[R] RWeka - Error in model.frame.default - evaluate_Weka_classifier

Andreas Jansson andreas.s.t.jansson at gmail.com
Wed Oct 20 00:45:41 CEST 2010


Hi,

First of all, I'm a complete rookie to R (~2 weeks). But anyway, I'm
trying to use the RWeka interface for C4.5 (J48) classification.

As a proof of concept I'm using the Iris data set to create a training
set of 30 instances (10 per species) and use the remaining 120
instances as my test set.

This is what I do:

trainingIndices <- rep(1:10, 3) + rep(0:2, each=10) * 50
testIndices <- c(1:150)[-(trainingIndices)]
testSet <- iris[testIndices,]
trainingSet <- iris[trainingIndices,]
t <- J48(trainingSet ~ ., data=trainingSet)

So far, so good. I can even do predict(t, testSet). Now I want to get
more detailed statistics about the performance of my classifier.

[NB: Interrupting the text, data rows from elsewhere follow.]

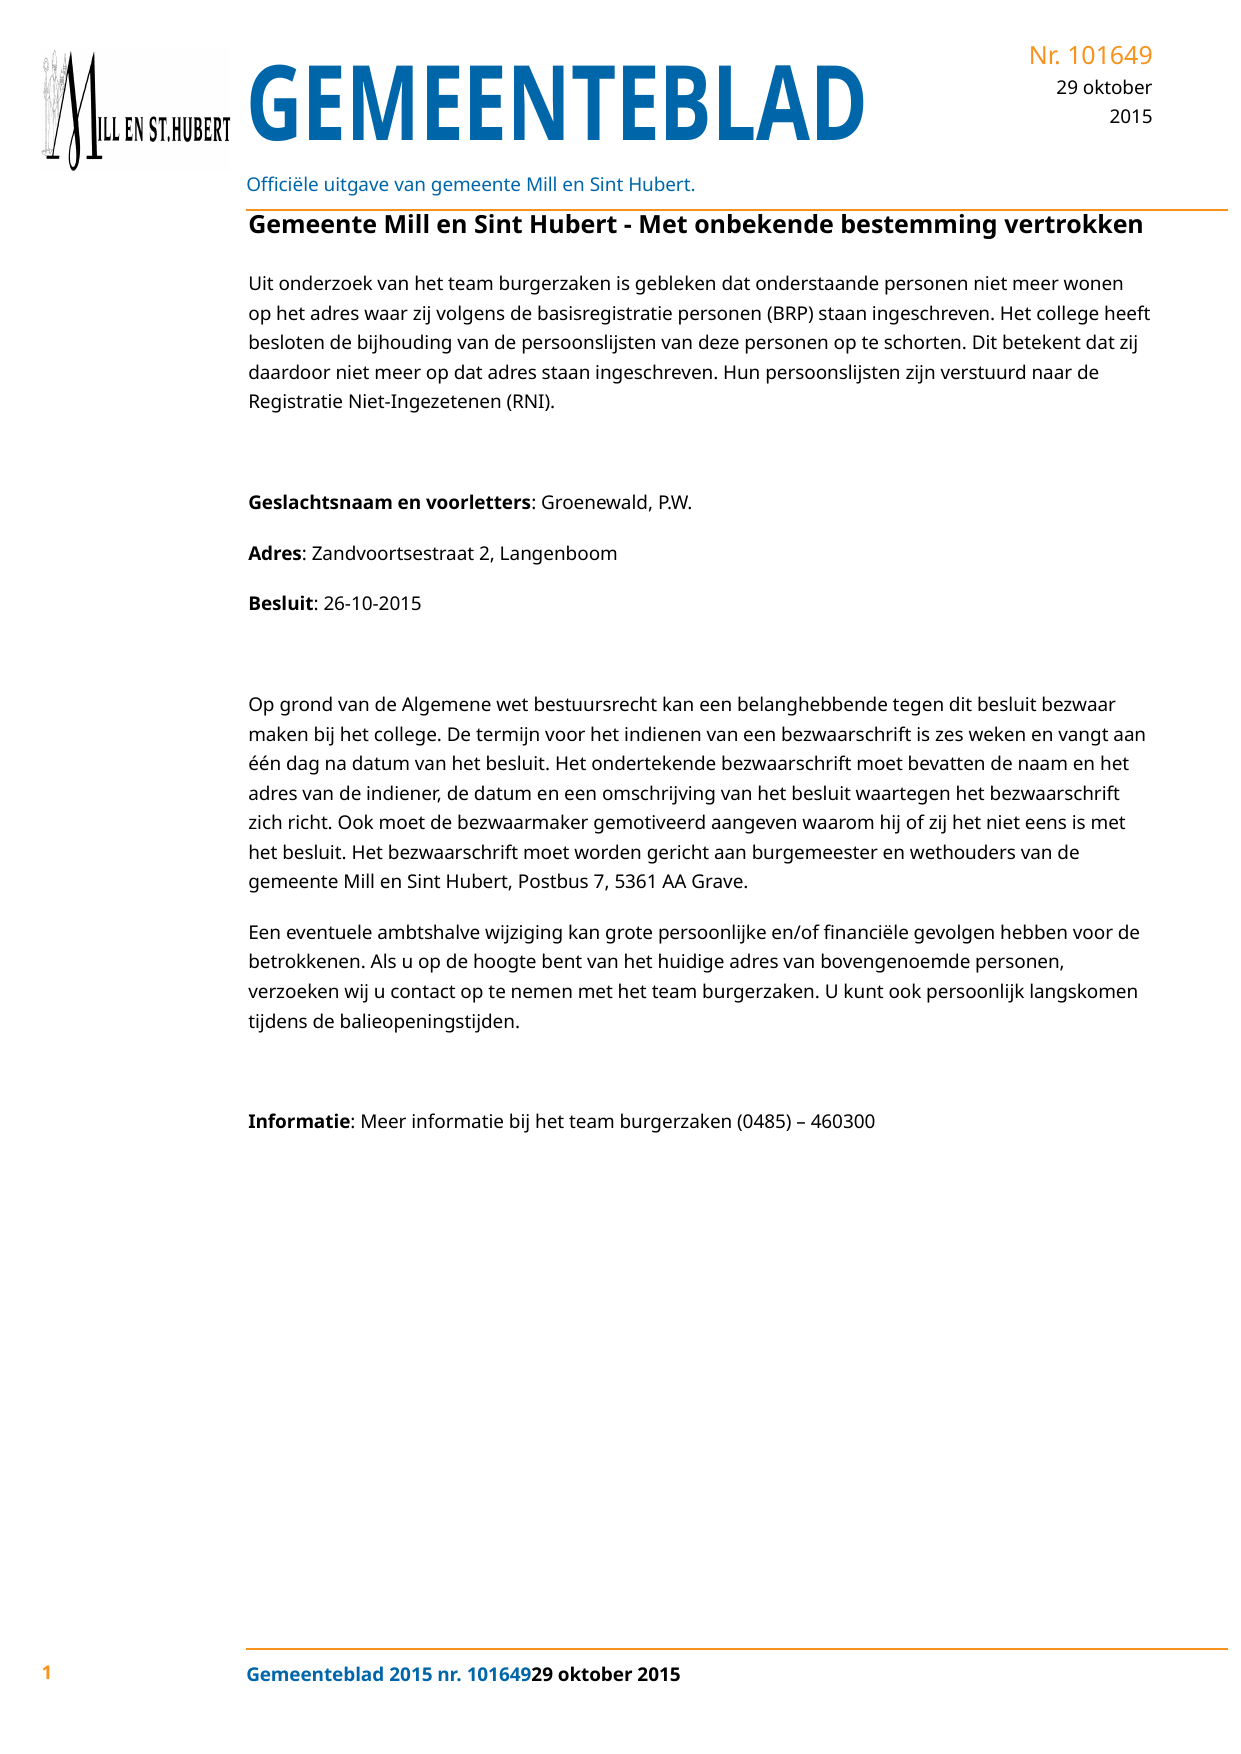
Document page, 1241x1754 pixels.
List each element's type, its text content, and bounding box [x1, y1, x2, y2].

text Adres: Zandvoortsestraat 2, Langenboom [248, 540, 1152, 566]
text Geslachtsnaam en voorletters: Groenewald, P.W. [248, 489, 1152, 515]
text Een eventuele ambtshalve wijziging kan grote persoonlijke en/of financiële gevolgen hebben voor de betrokkenen. Als u op de hoogte bent van het huidige adres van bovengenoemde personen, verzoeken wij u contact op te nemen met het team burgerzaken. U kunt ook persoonlijk langskomen tijdens de balieopeningstijden. [248, 919, 1152, 1033]
text Informatie: Meer informatie bij het team burgerzaken (0485) – 460300 [248, 1109, 1152, 1134]
text Op grond van de Algemene wet bestuursrecht kan een belanghebbende tegen dit besluit bezwaar maken bij het college. De termijn voor het indienen van een bezwaarschrift is zes weken en vangt aan één dag na datum van het besluit. Het ondertekende bezwaarschrift moet bevatten de naam en het adres van de indiener, de datum en een omschrijving van het besluit waartegen het bezwaarschrift zich richt. Ook moet de bezwaarmaker gemotiveerd aangeven waarom hij of zij het niet eens is met het besluit. Het bezwaarschrift moet worden gericht aan burgemeester en wethouders van de gemeente Mill en Sint Hubert, Postbus 7, 5361 AA Grave. [248, 691, 1152, 894]
text Besluit: 26-10-2015 [248, 590, 1152, 616]
text Gemeente Mill en Sint Hubert - Met onbekende bestemming vertrokken [248, 211, 1152, 241]
text Uit onderzoek van het team burgerzaken is gebleken dat onderstaande personen niet meer wonen op het adres waar zij volgens de basisregistratie personen (BRP) staan ingeschreven. Het college heeft besloten de bijhouding van de persoonslijsten van deze personen op te schorten. Dit betekent dat zij daardoor niet meer op dat adres staan ingeschreven. Hun persoonslijsten zijn verstuurd naar de Registratie Niet-Ingezetenen (RNI). [248, 270, 1152, 414]
picture [41, 47, 231, 172]
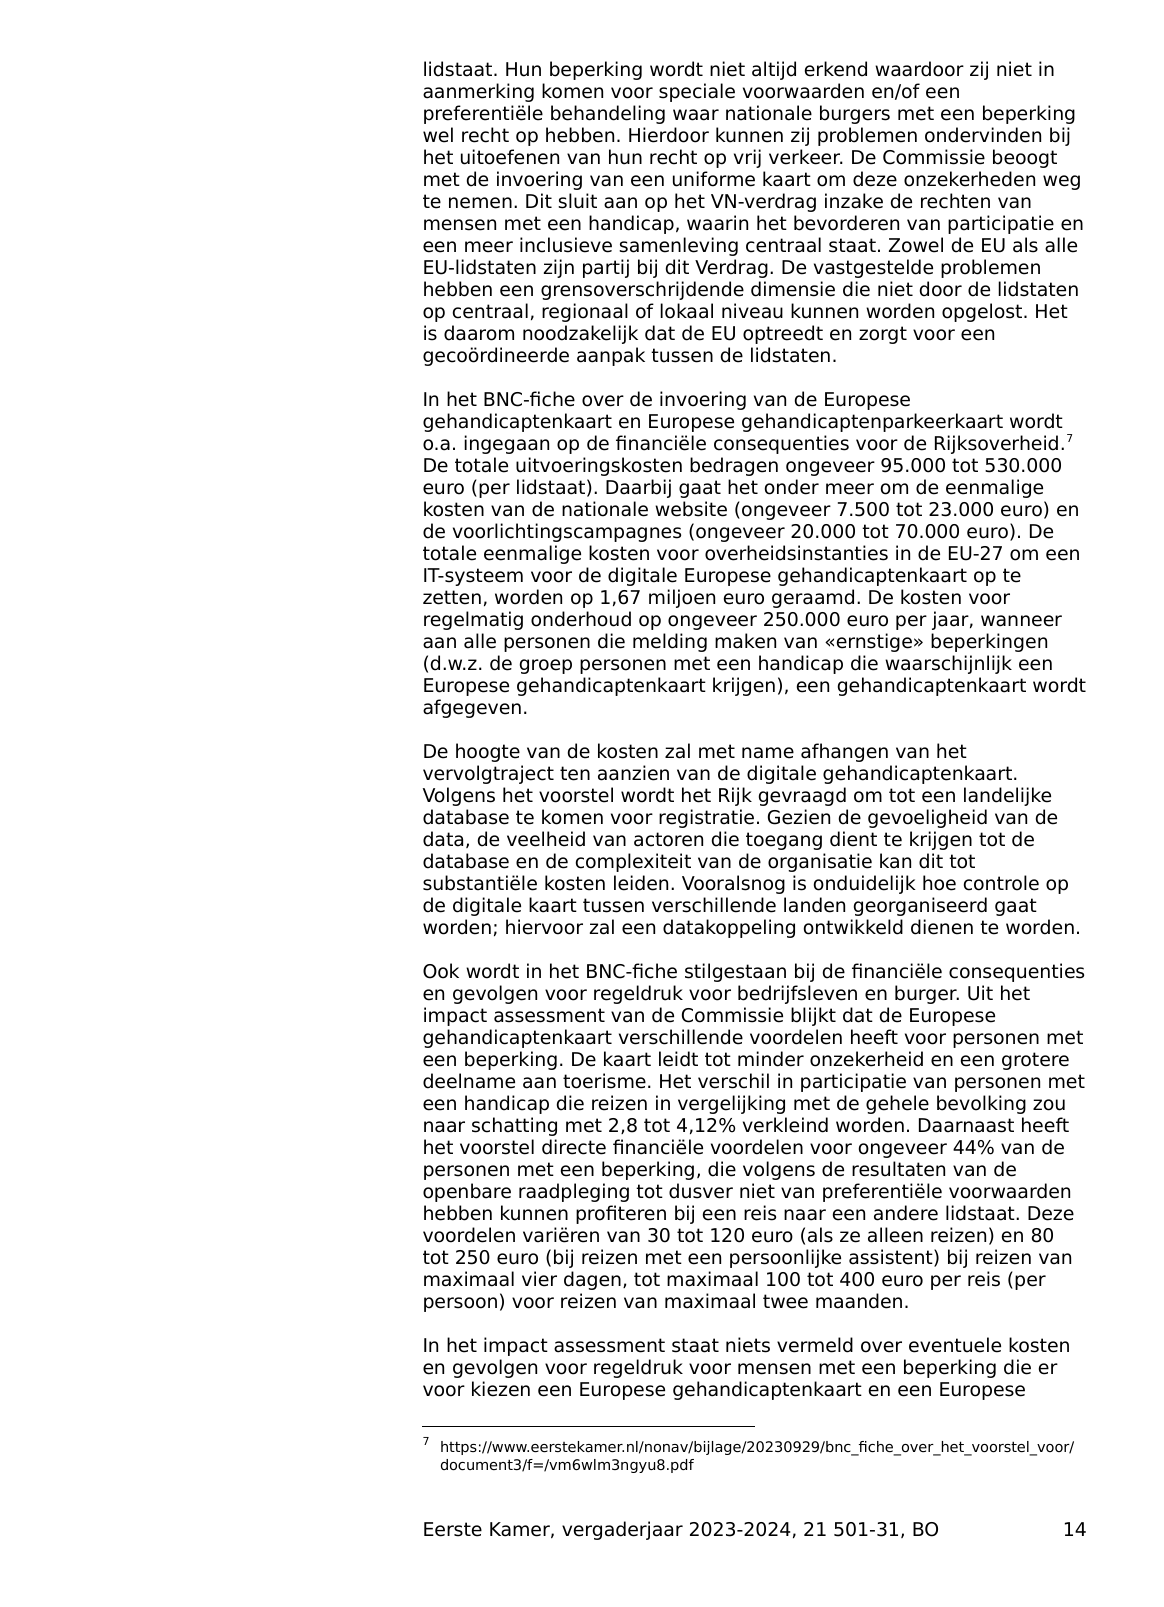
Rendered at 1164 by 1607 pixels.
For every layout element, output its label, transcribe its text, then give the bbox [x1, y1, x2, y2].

text In het BNC-fiche over de invoering van de Europese gehandicaptenkaart en Europese gehandicaptenparkeerkaart wordt o.a. ingegaan op de financiële consequenties voor de Rijksoverheid. De totale uitvoeringskosten bedragen ongeveer 95.000 tot 530.000 euro (per lidstaat). Daarbij gaat het onder meer om de eenmalige kosten van de nationale website (ongeveer 7.500 tot 23.000 euro) en de voorlichtingscampagnes (ongeveer 20.000 tot 70.000 euro). De totale eenmalige kosten voor overheidsinstanties in de EU-27 om een IT-systeem voor de digitale Europese gehandicaptenkaart op te zetten, worden op 1,67 miljoen euro geraamd. De kosten voor regelmatig onderhoud op ongeveer 250.000 euro per jaar, wanneer aan alle personen die melding maken van «ernstige» beperkingen (d.w.z. de groep personen met een handicap die waarschijnlijk een Europese gehandicaptenkaart krijgen), een gehandicaptenkaart wordt afgegeven. [422, 389, 1087, 719]
text lidstaat. Hun beperking wordt niet altijd erkend waardoor zij niet in aanmerking komen voor speciale voorwaarden en/of een preferentiële behandeling waar nationale burgers met een beperking wel recht op hebben. Hierdoor kunnen zij problemen ondervinden bij het uitoefenen van hun recht op vrij verkeer. De Commissie beoogt met de invoering van een uniforme kaart om deze onzekerheden weg te nemen. Dit sluit aan op het VN-verdrag inzake de rechten van mensen met een handicap, waarin het bevorderen van participatie en een meer inclusieve samenleving centraal staat. Zowel de EU als alle EU-lidstaten zijn partij bij dit Verdrag. De vastgestelde problemen hebben een grensoverschrijdende dimensie die niet door de lidstaten op centraal, regionaal of lokaal niveau kunnen worden opgelost. Het is daarom noodzakelijk dat de EU optreedt en zorgt voor een gecoördineerde aanpak tussen de lidstaten. [422, 59, 1087, 367]
text In het impact assessment staat niets vermeld over eventuele kosten en gevolgen voor regeldruk voor mensen met een beperking die er voor kiezen een Europese gehandicaptenkaart en een Europese [422, 1335, 1087, 1401]
text De hoogte van de kosten zal met name afhangen van het vervolgtraject ten aanzien van de digitale gehandicaptenkaart. Volgens het voorstel wordt het Rijk gevraagd om tot een landelijke database te komen voor registratie. Gezien de gevoeligheid van de data, de veelheid van actoren die toegang dient te krijgen tot de database en de complexiteit van de organisatie kan dit tot substantiële kosten leiden. Vooralsnog is onduidelijk hoe controle op de digitale kaart tussen verschillende landen georganiseerd gaat worden; hiervoor zal een datakoppeling ontwikkeld dienen te worden. [422, 741, 1087, 939]
text Ook wordt in het BNC-fiche stilgestaan bij de financiële consequenties en gevolgen voor regeldruk voor bedrijfsleven en burger. Uit het impact assessment van de Commissie blijkt dat de Europese gehandicaptenkaart verschillende voordelen heeft voor personen met een beperking. De kaart leidt tot minder onzekerheid en een grotere deelname aan toerisme. Het verschil in participatie van personen met een handicap die reizen in vergelijking met de gehele bevolking zou naar schatting met 2,8 tot 4,12% verkleind worden. Daarnaast heeft het voorstel directe financiële voordelen voor ongeveer 44% van de personen met een beperking, die volgens de resultaten van de openbare raadpleging tot dusver niet van preferentiële voorwaarden hebben kunnen profiteren bij een reis naar een andere lidstaat. Deze voordelen variëren van 30 tot 120 euro (als ze alleen reizen) en 80 tot 250 euro (bij reizen met een persoonlijke assistent) bij reizen van maximaal vier dagen, tot maximaal 100 tot 400 euro per reis (per persoon) voor reizen van maximaal twee maanden. [422, 961, 1087, 1312]
text https://www.eerstekamer.nl/nonav/bijlage/20230929/bnc_fiche_over_het_voorstel_voor/document3/f=/vm6wlm3ngyu8.pdf [422, 1435, 1087, 1474]

evaluate_Weka_classifier(t, testSet)

This is when I get

Error in model.frame.default(formula = trainingSet$Species ~ ., data = list( :
  variable lengths differ (found for 'Sepal.Length')

traceback() returns:

7: model.frame.default(formula = trainingSet$Species ~ ., data = list(
 [...]
       3L, 3L, 3L, 3L, 3L, 3L, 3L, 3L, 3L, 3L, 3L)), drop.unused.levels = TRUE)
6: model.frame(formula = trainingSet$Species ~ ., data =
list(Sepal.Length = c(5.4,
 [...]
   3L, 3L, 3L, 3L)), drop.unused.levels = TRUE)
5: eval(expr, envir, enclos)
4: eval(mf, env)
3: model.frame.Weka_classifier(object, data = newdata)
2: model.frame(object, data = newdata)
1: evaluate_Weka_classifier(t, testSet)

([...] = Excluded values for readability, please let me know if they
would be of use)

When I try to evaluate a test set with the same number of rows as my
training set, it does work.

evaluate_Weka_classifier(t, testSet[1:30,])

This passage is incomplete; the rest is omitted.